◆ **EXERCISE BRIEF**
Where the records below show a line containing "text Hiermee wordt voldaan aan artikel 2, onder g", start copying; end with the line containing "text Hiermee wordt voldaan aan artikel 2, onder i", and copy it too.

[Stored records]
::::::::::
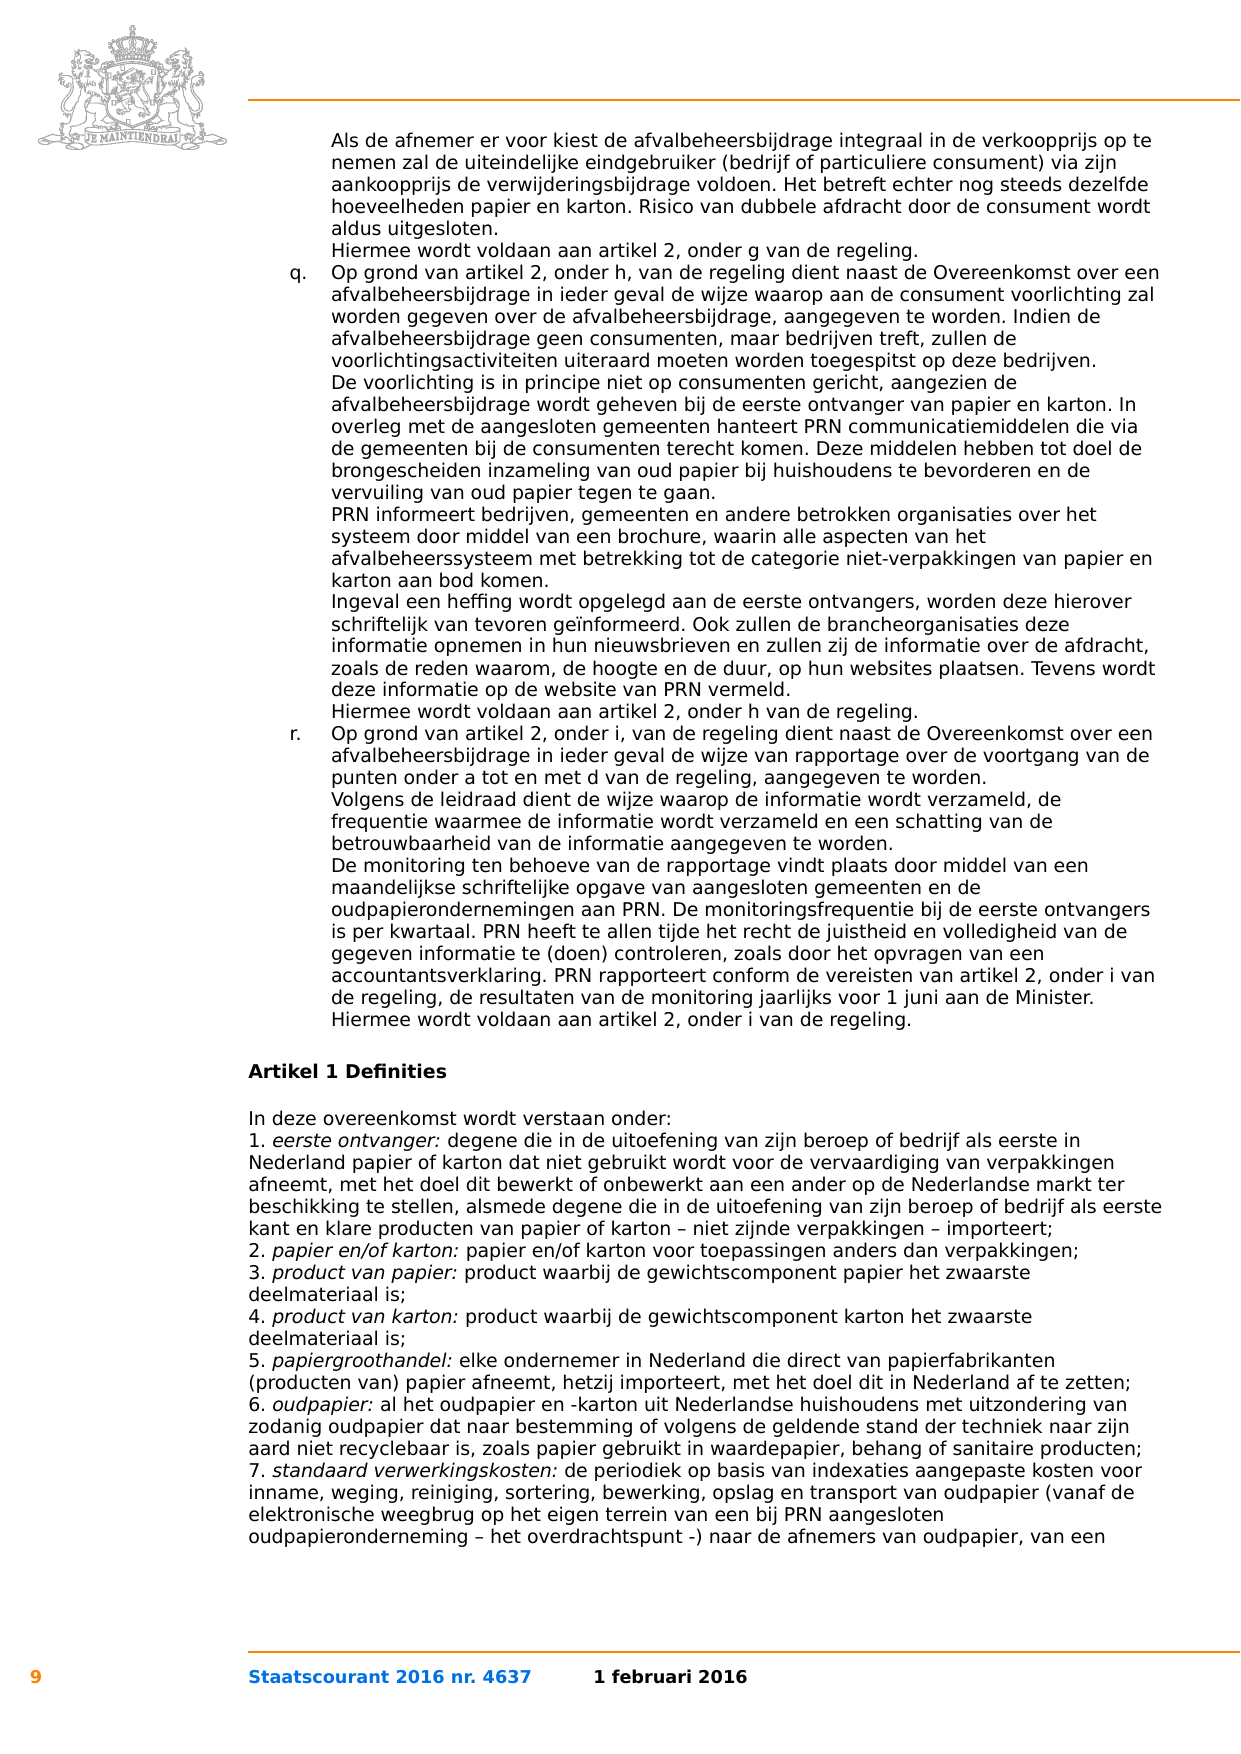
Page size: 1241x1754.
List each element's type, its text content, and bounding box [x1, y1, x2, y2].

text 6. oudpapier: al het oudpapier en -karton uit Nederlandse huishoudens met uitzondering van zodanig oudpapier dat naar bestemming of volgens de geldende stand der techniek naar zijn aard niet recyclebaar is, zoals papier gebruikt in waardepapier, behang of sanitaire producten; [248, 1394, 1163, 1460]
text Als de afnemer er voor kiest de afvalbeheersbijdrage integraal in de verkoopprijs op te nemen zal de uiteindelijke eindgebruiker (bedrijf of particuliere consument) via zijn aankoopprijs de verwijderingsbijdrage voldoen. Het betreft echter nog steeds dezelfde hoeveelheden papier en karton. Risico van dubbele afdracht door de consument wordt aldus uitgesloten. [331, 130, 1163, 240]
text Hiermee wordt voldaan aan artikel 2, onder h van de regeling. [331, 701, 1163, 723]
subtitle Artikel 1 Definities [248, 1061, 1163, 1083]
text De monitoring ten behoeve van de rapportage vindt plaats door middel van een maandelijkse schriftelijke opgave van aangesloten gemeenten en de oudpapierondernemingen aan PRN. De monitoringsfrequentie bij de eerste ontvangers is per kwartaal. PRN heeft te allen tijde het recht de juistheid en volledigheid van de gegeven informatie te (doen) controleren, zoals door het opvragen van een accountantsverklaring. PRN rapporteert conform de vereisten van artikel 2, onder i van de regeling, de resultaten van de monitoring jaarlijks voor 1 juni aan de Minister. [331, 855, 1163, 1009]
text De voorlichting is in principe niet op consumenten gericht, aangezien de afvalbeheersbijdrage wordt geheven bij de eerste ontvanger van papier en karton. In overleg met de aangesloten gemeenten hanteert PRN communicatiemiddelen die via de gemeenten bij de consumenten terecht komen. Deze middelen hebben tot doel de brongescheiden inzameling van oud papier bij huishoudens te bevorderen en de vervuiling van oud papier tegen te gaan. [331, 372, 1163, 503]
text 4. product van karton: product waarbij de gewichtscomponent karton het zwaarste deelmateriaal is; [248, 1306, 1163, 1350]
text PRN informeert bedrijven, gemeenten en andere betrokken organisaties over het systeem door middel van een brochure, waarin alle aspecten van het afvalbeheerssysteem met betrekking tot de categorie niet-verpakkingen van papier en karton aan bod komen. [331, 503, 1163, 591]
picture [38, 25, 227, 150]
text r. Op grond van artikel 2, onder i, van de regeling dient naast de Overeenkomst over een afvalbeheersbijdrage in ieder geval de wijze van rapportage over de voortgang van de punten onder a tot en met d van de regeling, aangegeven te worden. [289, 723, 1163, 789]
text 2. papier en/of karton: papier en/of karton voor toepassingen anders dan verpakkingen; [248, 1240, 1163, 1262]
text 3. product van papier: product waarbij de gewichtscomponent papier het zwaarste deelmateriaal is; [248, 1262, 1163, 1306]
text Ingeval een heffing wordt opgelegd aan de eerste ontvangers, worden deze hierover schriftelijk van tevoren geïnformeerd. Ook zullen de brancheorganisaties deze informatie opnemen in hun nieuwsbrieven en zullen zij de informatie over de afdracht, zoals de reden waarom, de hoogte en de duur, op hun websites plaatsen. Tevens wordt deze informatie op de website van PRN vermeld. [331, 591, 1163, 701]
text q. Op grond van artikel 2, onder h, van de regeling dient naast de Overeenkomst over een afvalbeheersbijdrage in ieder geval de wijze waarop aan de consument voorlichting zal worden gegeven over de afvalbeheersbijdrage, aangegeven te worden. Indien de afvalbeheersbijdrage geen consumenten, maar bedrijven treft, zullen de voorlichtingsactiviteiten uiteraard moeten worden toegespitst op deze bedrijven. [289, 262, 1163, 372]
text 1. eerste ontvanger: degene die in de uitoefening van zijn beroep of bedrijf als eerste in Nederland papier of karton dat niet gebruikt wordt voor de vervaardiging van verpakkingen afneemt, met het doel dit bewerkt of onbewerkt aan een ander op de Nederlandse markt ter beschikking te stellen, alsmede degene die in de uitoefening van zijn beroep of bedrijf als eerste kant en klare producten van papier of karton – niet zijnde verpakkingen – importeert; [248, 1130, 1163, 1240]
text Hiermee wordt voldaan aan artikel 2, onder g van de regeling. [331, 240, 1163, 262]
text Volgens de leidraad dient de wijze waarop de informatie wordt verzameld, de frequentie waarmee de informatie wordt verzameld en een schatting van de betrouwbaarheid van de informatie aangegeven te worden. [331, 789, 1163, 855]
text Hiermee wordt voldaan aan artikel 2, onder i van de regeling. [331, 1009, 1163, 1031]
text 5. papiergroothandel: elke ondernemer in Nederland die direct van papierfabrikanten (producten van) papier afneemt, hetzij importeert, met het doel dit in Nederland af te zetten; [248, 1350, 1163, 1394]
text 7. standaard verwerkingskosten: de periodiek op basis van indexaties aangepaste kosten voor inname, weging, reiniging, sortering, bewerking, opslag en transport van oudpapier (vanaf de elektronische weegbrug op het eigen terrein van een bij PRN aangesloten oudpapieronderneming – het overdrachtspunt -) naar de afnemers van oudpapier, van een [248, 1460, 1163, 1548]
text In deze overeenkomst wordt verstaan onder: [248, 1108, 1163, 1130]
::::::::::
◆ **WRITTEN ANSWER**
text Hiermee wordt voldaan aan artikel 2, onder g van de regeling. [331, 240, 1163, 262]
text Volgens de leidraad dient de wijze waarop de informatie wordt verzameld, de frequentie waarmee de informatie wordt verzameld en een schatting van de betrouwbaarheid van de informatie aangegeven te worden. [331, 789, 1163, 855]
text Hiermee wordt voldaan aan artikel 2, onder i van de regeling. [331, 1009, 1163, 1031]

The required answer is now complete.